Said to be coined by Grandmaster Flash and the Furious Five member Keith "Cowboy" Wiggins, the music movement of Hip Hop can be tracked right back to a post-industrial South Bronx in New York City in the 1970s.
It was DJ Kool Herc who kick started the movement - historically perceived as an expression of urban youth - and before too long had spread across the entire borough where it soon became a celebration as well as a powerful tool used during protests.

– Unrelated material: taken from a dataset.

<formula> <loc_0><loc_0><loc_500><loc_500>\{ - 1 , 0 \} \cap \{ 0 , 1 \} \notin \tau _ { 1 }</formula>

It was Herc who laid the groundwork for everything associated with Hip Hop today. For example, the Jamaican-born DJ would often speak over a rhythmic beat - known within the music genre as toasting, and at parties in his high-rise apartment, he would extend the beat of a record using two players, isolating the drum "breaks" by using a mixer to switch between the two - or as it's more commonly know: scratching (something the Google Doodle allows users to do).
Herc isn't the only name associated with pioneering the movement - Cindy Campbell, "the mother of Hip Hop," was the one who organised the party which is attributed with the birth of the movement establishing her status as the first Hip Hop music promoter. At that same party, Campbell aided Herc in utilising the percussion "breaks."
Hip Hop embedded itself as part of the mainstream by 1979 and over the course of the next 15 years, made its way around the world - far from the ravaged South Bronx streets where it began.
For the celebration, the search engine has teamed up with visual artist Fab 5 Freddy to provide users with the genre's history and even features three original tracks from artist Prince Paul whose producing credit includes De La Soul's seminal 1989 debut record Three Feet High and Rising.
The project’s executive consultant at Google - former Def Jam president Lyor Cohen - wrote in a blog post: “Hip Hop has done exactly what its founders set out to do, whether wittingly or unwittingly. It placed an accessible culture, relatable to any marginalised group in the world, at the forefront of music. In that spirit, here’s to BILLIONS of people getting a brief reminder that ’Yes, yes y’all! And it WON’T stop!'”
The Hip-Hop doodle will remain on the search engine’s home page for 40 hours.